# Lead aggression? Or protecting us?



## redd (May 25, 2014)

Redd started a new behavior about 6 months ago (he just turned 3). We were sitting outside at a restaurant and he was laying at our feet, seemed to be sleeping. We weren't paying any attention to him as we've done this many times and he is well socialized. Another patron walked past us with their dog and Redd went nuts! Aggressively barking at the dog and lunging on his lead. Of course the whole patio went silent and we got glares for our "bad" dog. 

We thought maybe he was just startled. But unfortunately the behavior has continued, only when he is on a leash. We are now very careful on a patio or when we are walking in a busy area and will keep him away from other dogs. If a dog approaches him and we can't avoid it we drop his leash and step back. He doesn't growl or bark and nicely greets the other dog but if we hold the leash, he acts aggressively. 

We mountain bike and hike off leash and he doesn't acknowledge other dogs half the time. So this is strictly an on-leash issue. Actually I take that back. He has started to bark furiously at other dogs sometimes as they walk by the house or if he is inside the car. But then he is playful and exhibits normal behavior when he is allowed to approach anther dog on "his terms". 

So has he developed leash aggression? Or is he protecting us? I can't figure it out. I don't know how to correct the issue. Thoughts?


----------



## riley455 (Aug 27, 2011)

redd said:


> Redd started a new behavior about 6 months ago (he just turned 3). We were sitting outside at a restaurant and he was laying at our feet, seemed to be sleeping. We weren't paying any attention to him as we've done this many times and he is well socialized. Another patron walked past us with their dog and Redd went nuts!

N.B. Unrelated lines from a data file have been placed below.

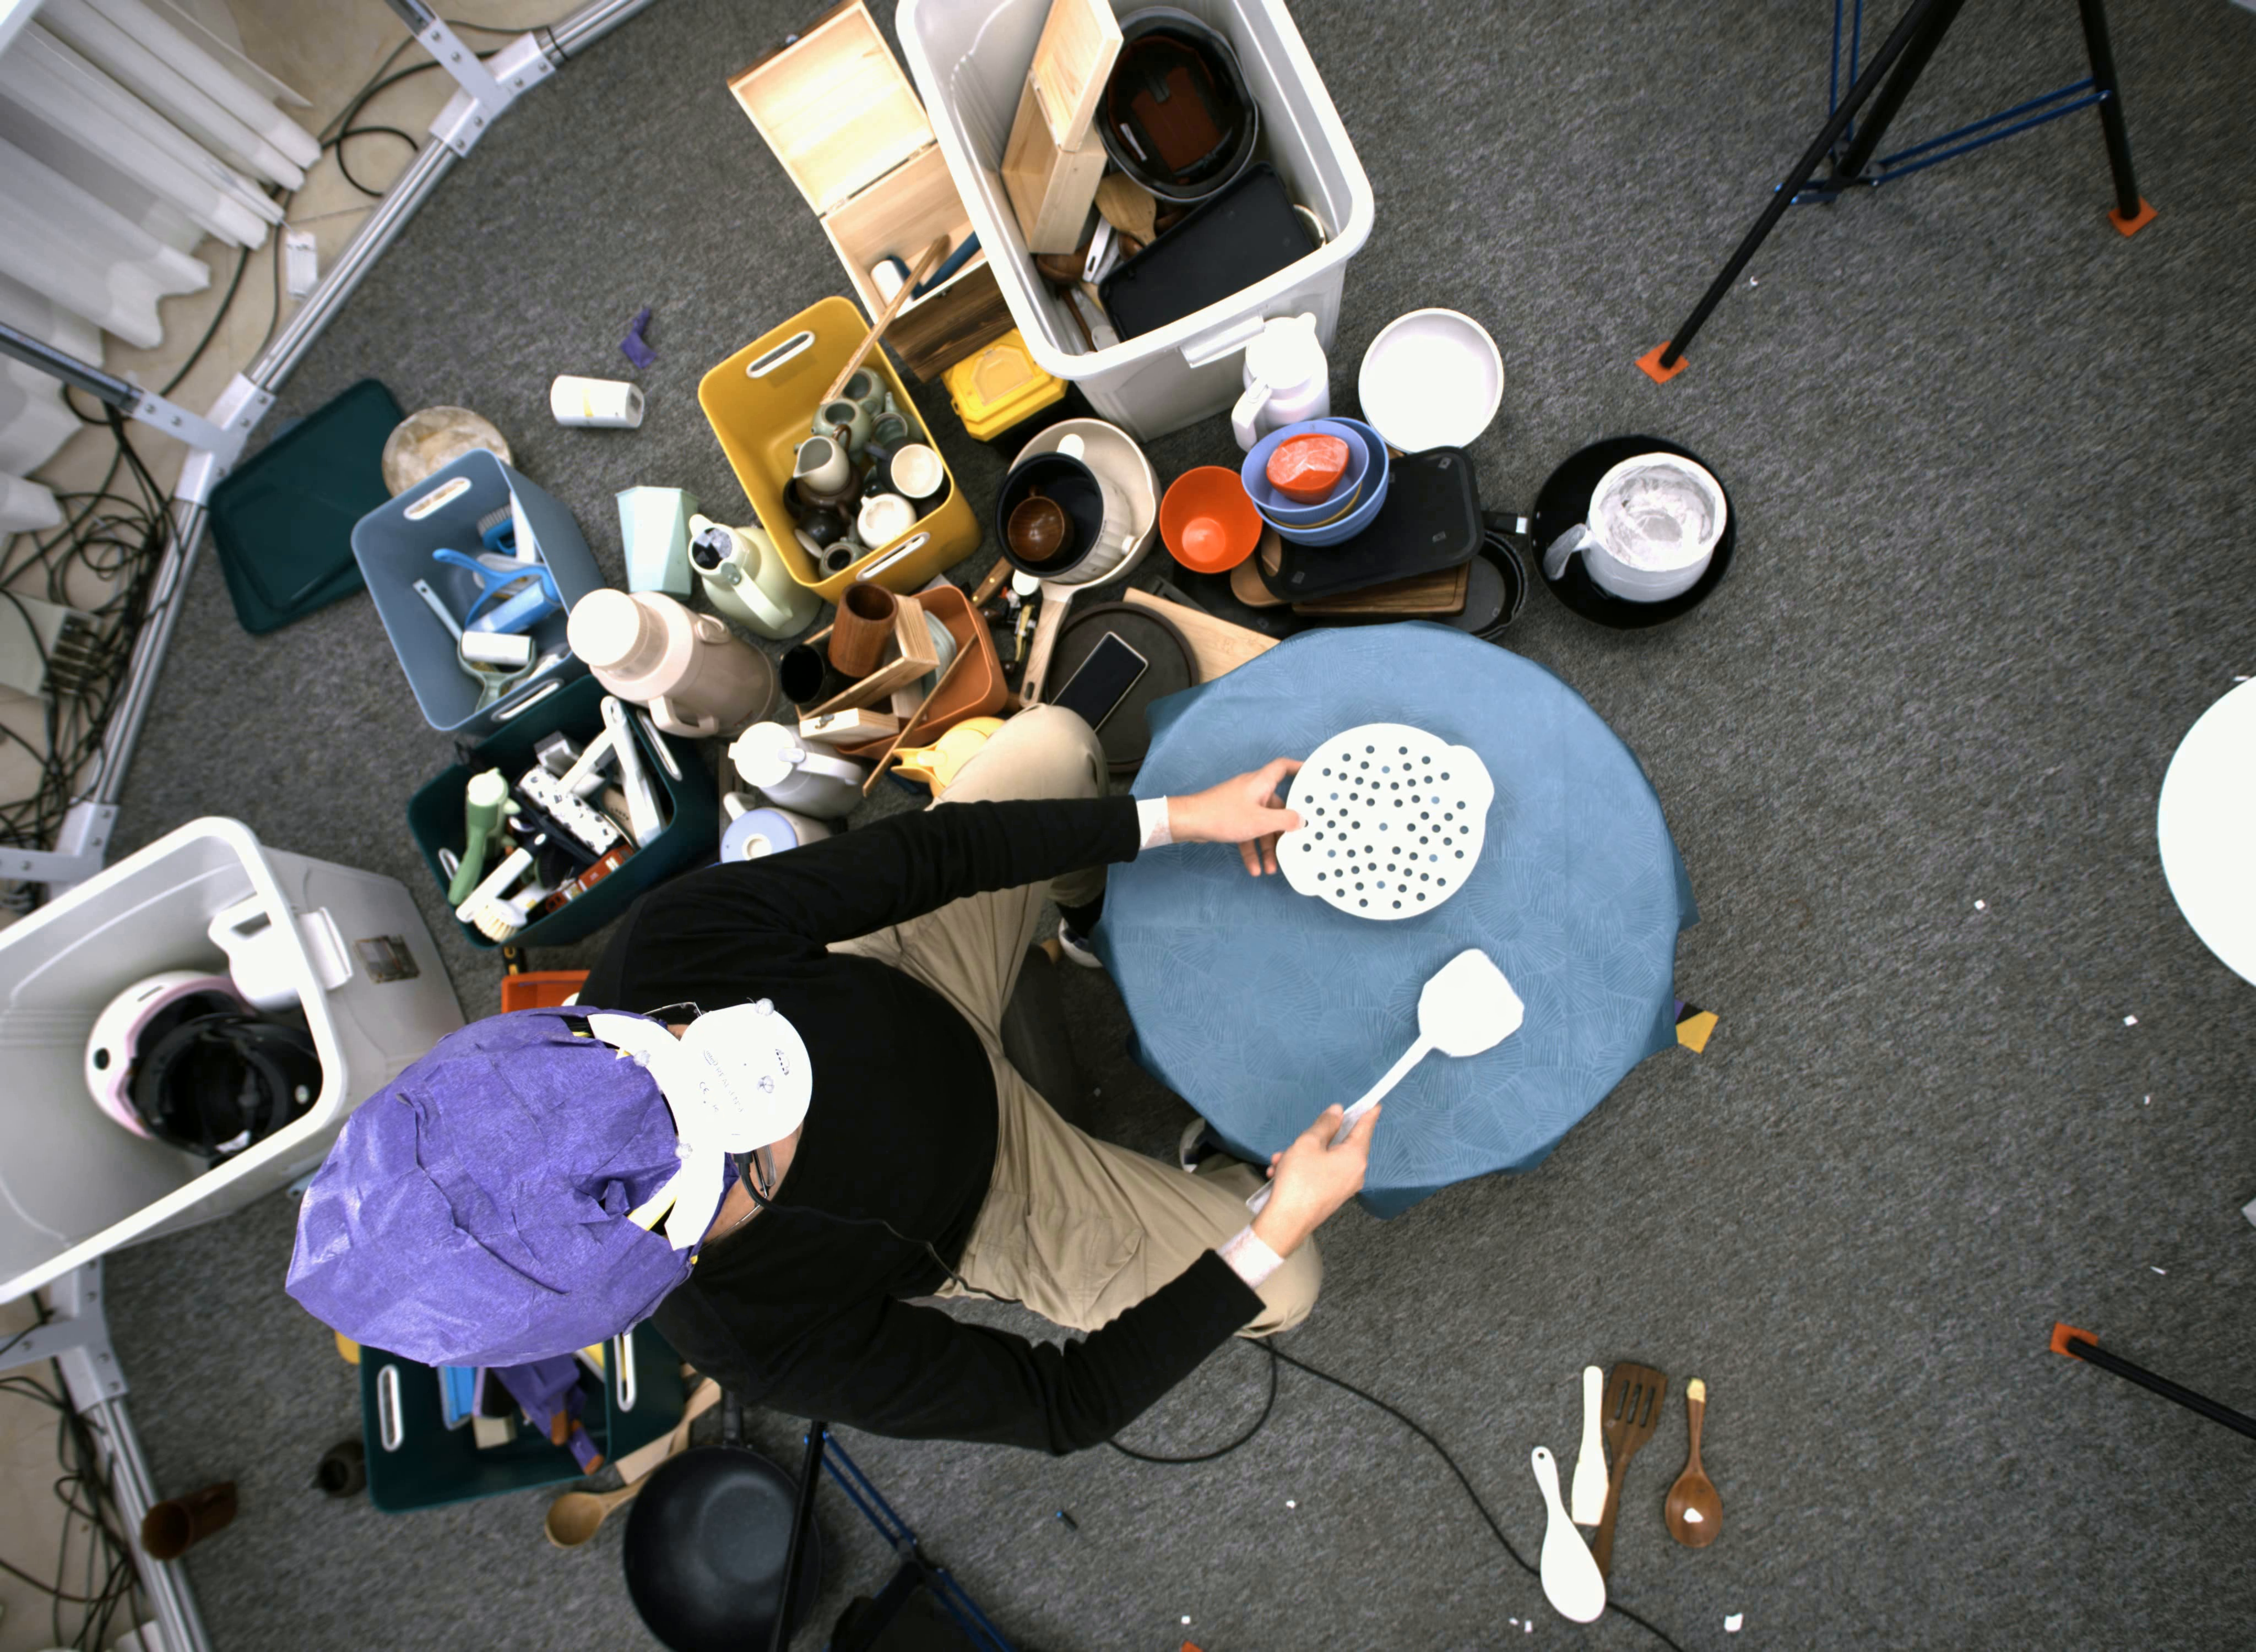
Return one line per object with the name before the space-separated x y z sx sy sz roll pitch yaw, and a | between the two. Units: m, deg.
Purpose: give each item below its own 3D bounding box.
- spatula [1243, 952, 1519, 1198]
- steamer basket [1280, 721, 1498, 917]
spatula | 0.251 0.254 1.362 0.358 0.045 0.099 -35 92 -28
steamer basket | 0.270 -0.006 1.429 0.232 0.069 0.200 -27 81 9

Aggressively barking at the dog and lunging on his lead. Of course the whole patio went silent and we got glares for our "bad" dog.
> 
> We thought maybe he was just startled. But unfortunately the behavior has continued, only when he is on a leash. We are now very careful on a patio or when we are walking in a busy area and will keep him away from other dogs. If a dog approaches him and we can't avoid it we drop his leash and step back. He doesn't growl or bark and nicely greets the other dog but if we hold the leash, he acts aggressively.
> 
> ...


It could be both (leash aggression and protecting you), really hard to tell without seeing first hand this issue.

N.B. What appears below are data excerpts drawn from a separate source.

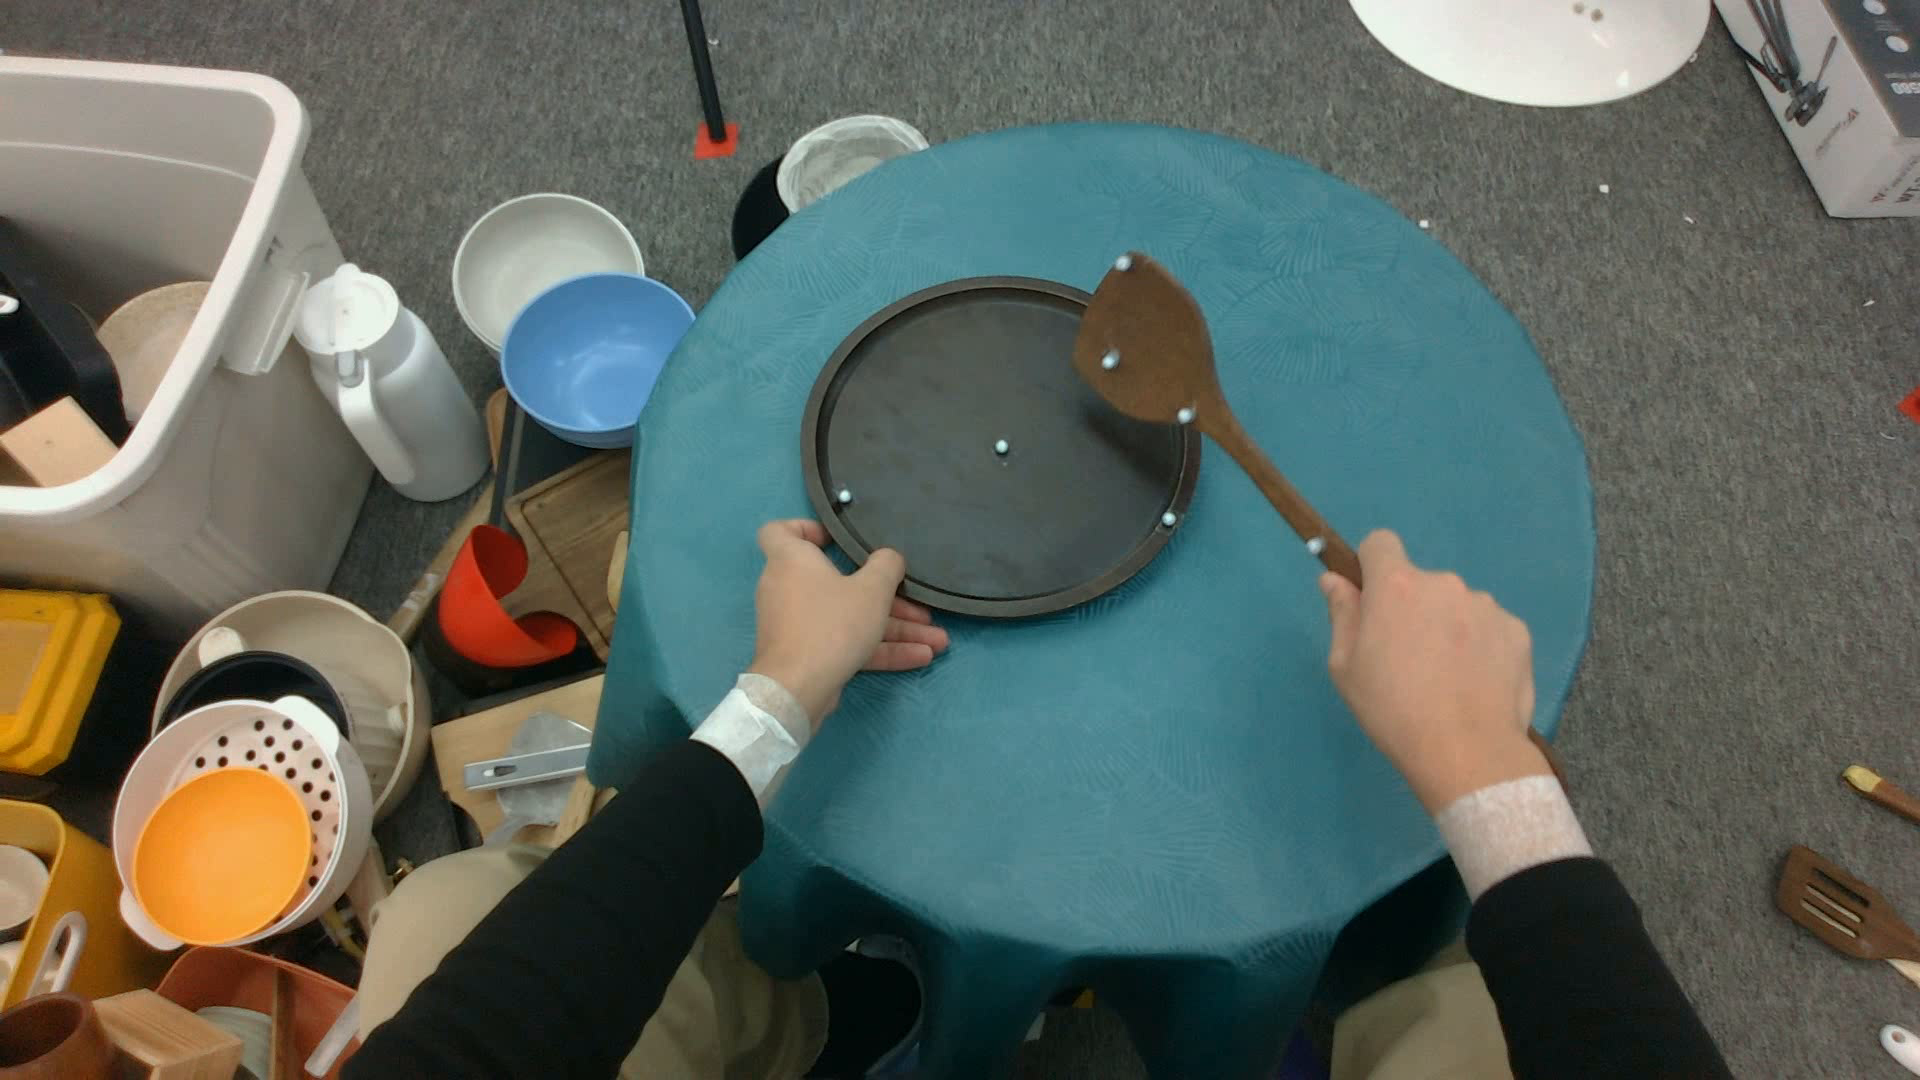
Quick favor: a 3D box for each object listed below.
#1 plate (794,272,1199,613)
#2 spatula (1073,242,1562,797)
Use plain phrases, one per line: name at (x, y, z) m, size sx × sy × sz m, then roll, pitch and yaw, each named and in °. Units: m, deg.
plate at (0.022, -0.066, 0.868) m, size 0.255 × 0.029 × 0.256 m, roll 0°, pitch 61°, yaw -1°
spatula at (0.182, -0.016, 0.747) m, size 0.016 × 0.095 × 0.386 m, roll -13°, pitch 54°, yaw -37°

You may try the following and this could take a while. Choose a word or words ("Here", "Look" or "Watch me") to get his attention and reward and praise whenever he looks at you and focuses all his attention. Try and practice this several times in different locations (inside your house, backyard, parking lot, etc.) with minimal to no distraction at all. Apply correction (tug on the leash) when he does not comply or may have to use a high value reward/treat.

When you think he's complying with you consistently then start introducing distraction (slowly), perhaps a friend with a dog from a distance or walking past another dog at a distance. Practice getting his attention (again may take several days) while getting the other dog closer to him. The goal is to desensitize him in the presence of other dogs.

I would also suggest to do some activities with your dog to build his confidence. Contact a hunting club local to your area and explore hunting/competition/tests. You can also look into agility.


----------



## b4ruby (Sep 3, 2016)

That is such good advice Riley455. In a dog agility/obedience class years ago "watch me" was the first command that we were told to use. In training our dog, Lincoln, I forgot about using it. I'll be putting it into practice as of now. Thanks for the sound advice.


----------



## Rbka (Apr 21, 2014)

That's a neat idea -- I think the "watch me" has the added advantage of the dog being aware of your attitude (i.e. if you exude a cool, calm, collected vibe the V may be more likely to realize his aggression is inappropriate and unnecessary). Interesting!

Nico has gotten more protective this past year when we are inside and he hears a noise or something outside (he has just turned 3) but he mostly just barks a couple times then gets embarrassed about it because we give him a "hush" command (which he seems to know means "your barking is inappropriate"). It's really funny more than any thing so I don't have any further feedback. Good luck!


----------